Clients can connect to any node in the cluster. The node receiving the connection acts as a coordinator, transparently routing requests to the appropriate node(s) that own the data.

1
2
3
4
5
// Java - connect to any node
Concourse concourse = Concourse.at()
    .host("node1.example.com")
    .port(1717)
    .connect();

From the client’s perspective, the cluster behaves identically to a single-node deployment. No changes to application code are required.

Operating a Cluster#

Starting up#

All nodes must be started with the same cluster.nodes list. When a node starts, it reaches out to its peers and waits until it can form a quorum before accepting client connections. In practice this means:

  • If you start the nodes roughly in parallel (for example, via a Kubernetes StatefulSet or a Terraform apply), they discover each other and form a cluster within seconds.
  • If you start a single node in isolation, its startup blocks waiting for peers. This is the expected behavior — a node by itself cannot safely accept writes for a cluster of size > 1.
  • There is no separate bootstrap command. All nodes have the same configuration and the same role.

Health and failure detection#

Nodes communicate peer-to-peer using a gossip protocol.
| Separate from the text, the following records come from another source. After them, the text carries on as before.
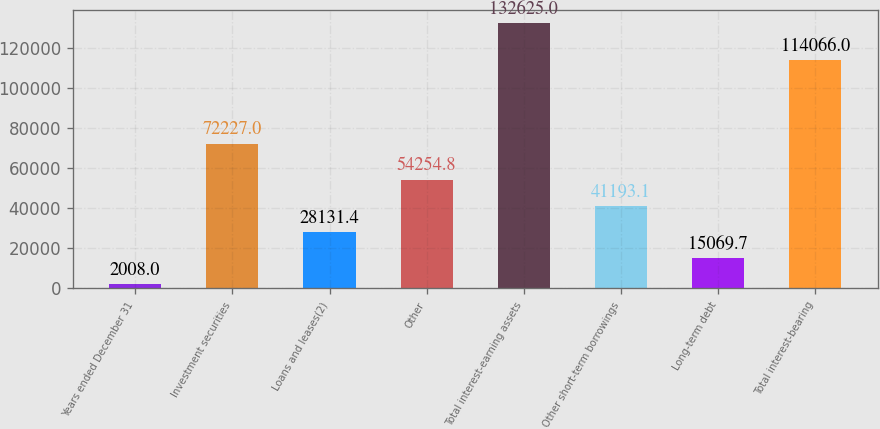<chart> <loc_0><loc_0><loc_500><loc_500><bar_chart><fcel>Years ended December 31<fcel>Investment securities<fcel>Loans and leases(2)<fcel>Other<fcel>Total interest-earning assets<fcel>Other short-term borrowings<fcel>Long-term debt<fcel>Total interest-bearing<nl><fcel>2008<fcel>72227<fcel>28131.4<fcel>54254.8<fcel>132625<fcel>41193.1<fcel>15069.7<fcel>114066<nl></chart> 
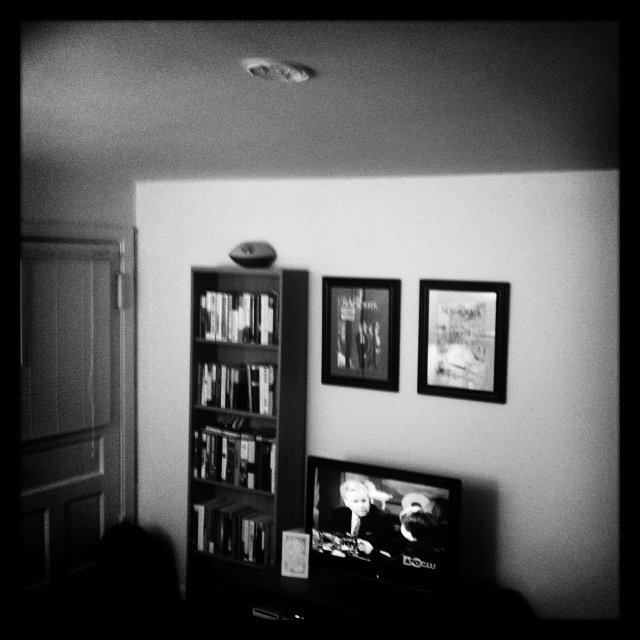Describe the objects in this image and their specific colors. I can see tv in black, lightgray, gray, and darkgray tones, book in black, gray, darkgray, and lightgray tones, book in black, lightgray, darkgray, and gray tones, sports ball in black, gray, darkgray, and lightgray tones, and book in black, darkgray, lightgray, and gray tones in this image. 
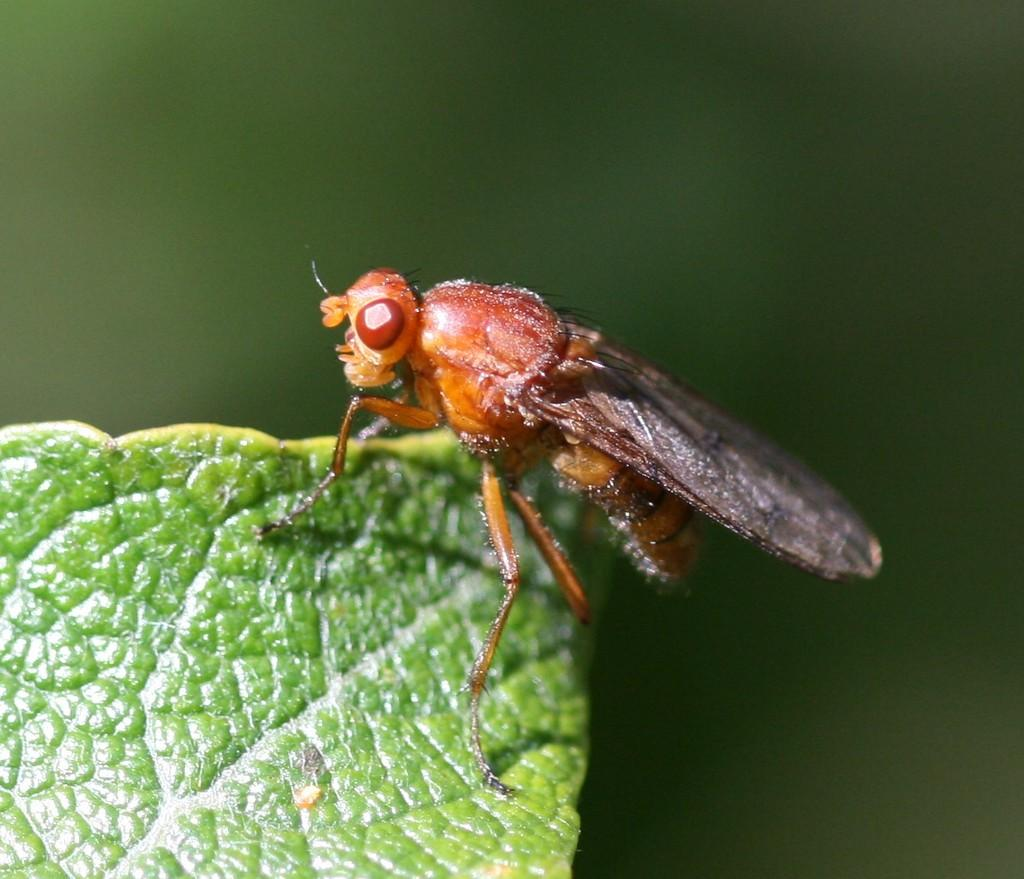What is present in the image? There is an insect in the image. Where is the insect located? The insect is on a leaf. Can you describe the background of the image? The background of the image is blurred. What type of adjustment does the insect need to make in order to hear better in the image? The insect does not need to make any adjustments to hear better in the image, as insects primarily use their antennae for sensing their environment rather than relying on hearing.

Each node periodically exchanges state with a random subset of peers, so failures and membership information propagate through the cluster without a central coordinator.

Use concourse monitor on each node to observe its local view of the cluster. Key operational signals:

  • TransportInProgress / TransportCompleted — indicates that indexing is keeping up with the buffer.
  • ActiveSessions on the connected node.
  • JMX attributes expose per-environment engine state that is local to each node.

Central metric aggregation via Prometheus or OpenTelemetry is the recommended way to see cluster-wide health on one dashboard.

Recovery from node failure#

  • Crash of a single node (within quorum): The surviving quorum continues to serve reads and writes. When the crashed node returns, it re-syncs from its peers before rejoining and serving clients again.
  • Loss of quorum: The remaining nodes refuse writes rather than accepting operations that could not be durably replicated. Reads that the surviving nodes can answer locally still succeed; reads that require a quorum block or fail until quorum is restored.
  • Permanent loss of a node: Because the alpha release does not support dynamic membership changes (see below), replacing a permanently-lost node requires bringing the cluster down and restarting it with a new cluster.nodes list on each surviving node. Plan capacity accordingly.

Network partitions#

Distributed Concourse is a CP system: during a network partition, the side of the partition that contains a majority quorum continues to serve reads and writes, while the minority side refuses to write until the partition heals. No data diverges across a partition — there is a single committed history at all times.

Current Limitations#

The alpha release of distributed Concourse has the following limitations:

  • No conversion from standalone: Existing single-node deployments cannot be converted to a cluster. Clusters must be started fresh.
  • No dynamic membership: Nodes cannot be added to or removed from a running cluster. The cluster membership is fixed at startup.
  • Identical configurations: All nodes must have identical configurations.
  • Same version required: All nodes must run the same version of Concourse. Rolling upgrades are not supported.

These limitations will be addressed in future releases as the distributed feature matures.